One of the things related in this post is the fact that PFE carmen were stationed in Sioux Falls, far from the nearest "PFE railroad". I would guess that PFE reefers might have been used for meat shipments to the west and southwest in preference to the private Morrell cars.

Does anyone have other reasons for such a relatively large PFE presence?

R.C. Lathrop is a long time retired Milwaukee employee who routinely provides terrific information, observations and comments on the Milwaukee Road in Northern Iowa, and adjacent South Dakota and Minnesota.

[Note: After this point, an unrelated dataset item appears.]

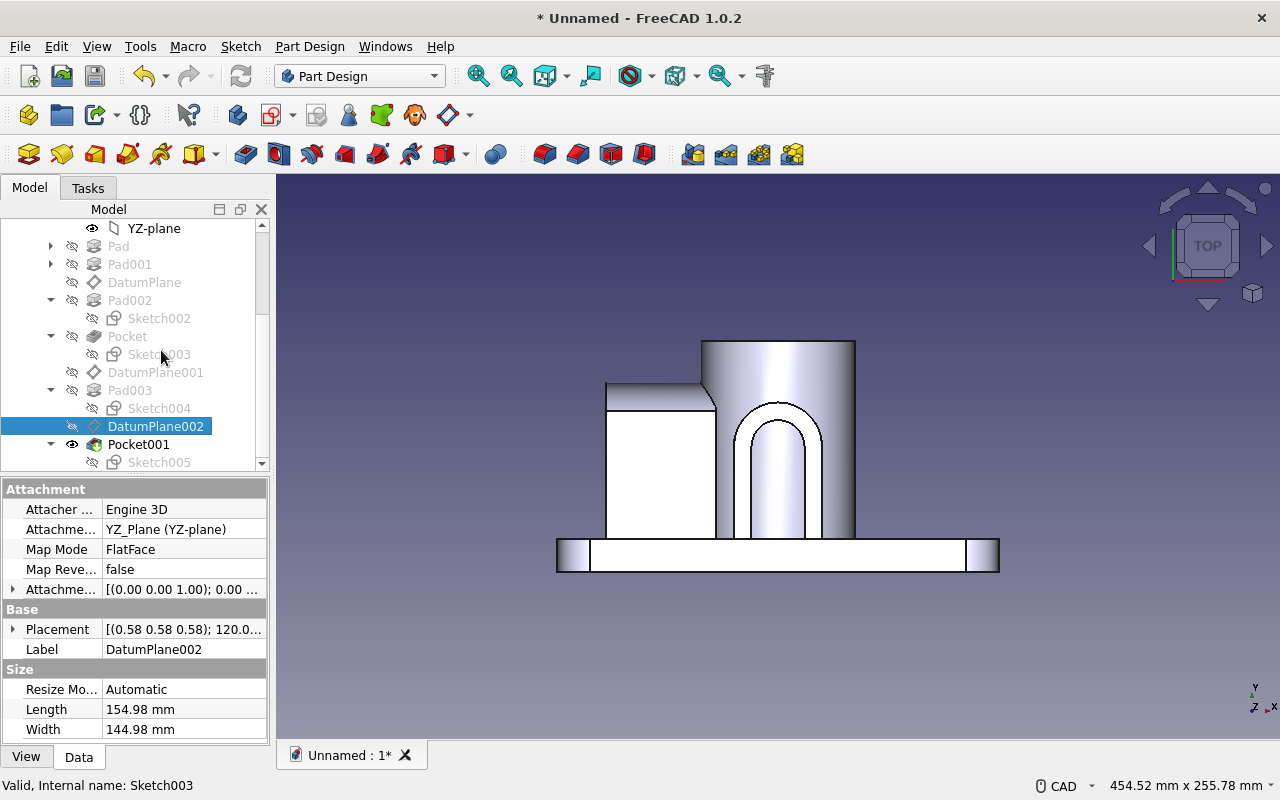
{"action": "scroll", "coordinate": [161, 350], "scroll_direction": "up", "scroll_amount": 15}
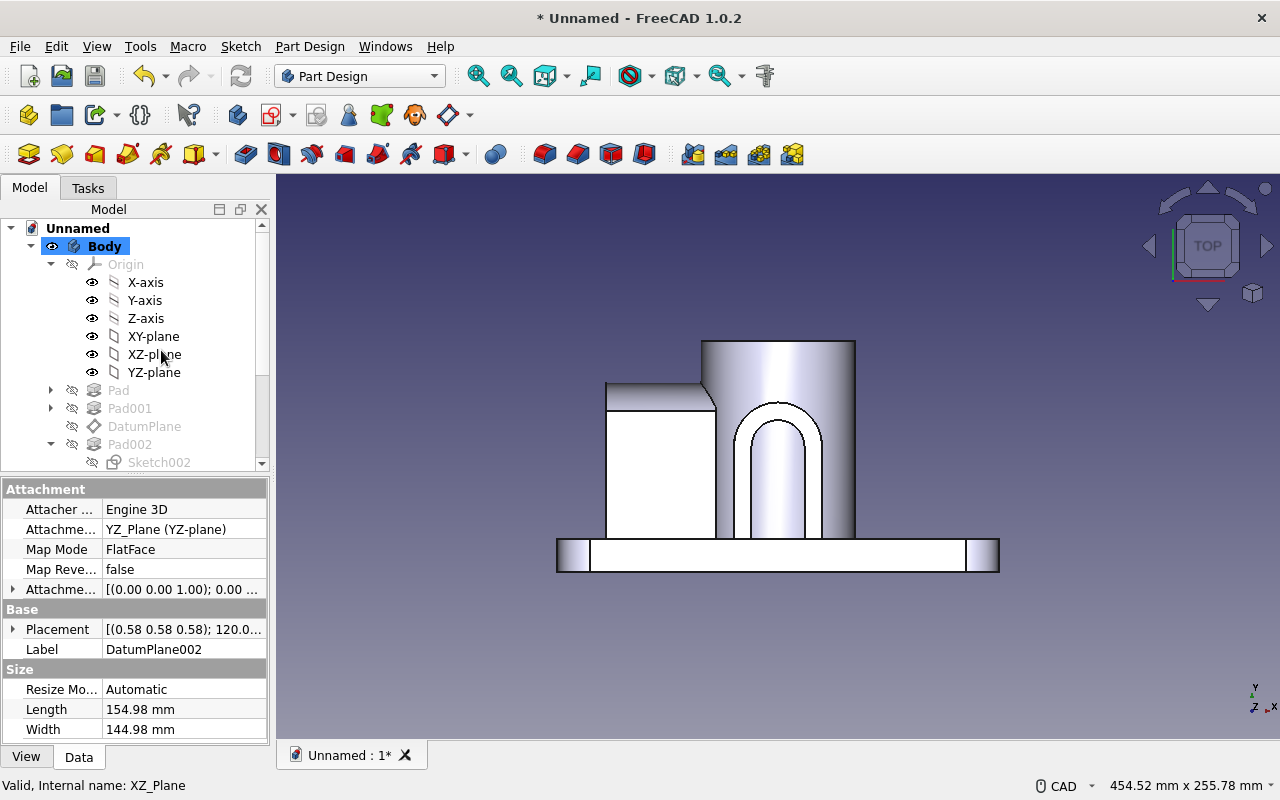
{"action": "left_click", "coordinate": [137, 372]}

From: "R.C. Lathrop" <mrclathrop@...>
Subject: Re: Sioux Falls Ice House
Date: Tue, 21 Oct 2003 05:20:38 +0000

Mike, Friends & Fans:

When I worked downthere in 1962 and '63, the Ice House must hae been at or
near the Morrell Packing Plant. There was an elevated
platform at the plant, inside, so one could work all year around. The
plant ran 24 hours a day, then. I remember meat cars going both >inside
and out along the south side. I do not know just how it was owned. Cars
were iced there by Morrell.

All the refers arrived dirty, and had to be cleaned, befoe they could be
loaded. On arrival, the Milwukee Switch Engine took them to a yard near
the Packing Plant where the reifers were cleaned, serviced, and then
switched into the plant for loading. There carmen from the Milwawukee,
and PFE (Pacific Fruit Express) inspected, worked on, and prepared
them for service or loading.
I don't know if any other railroad's Carmen worked on there cars.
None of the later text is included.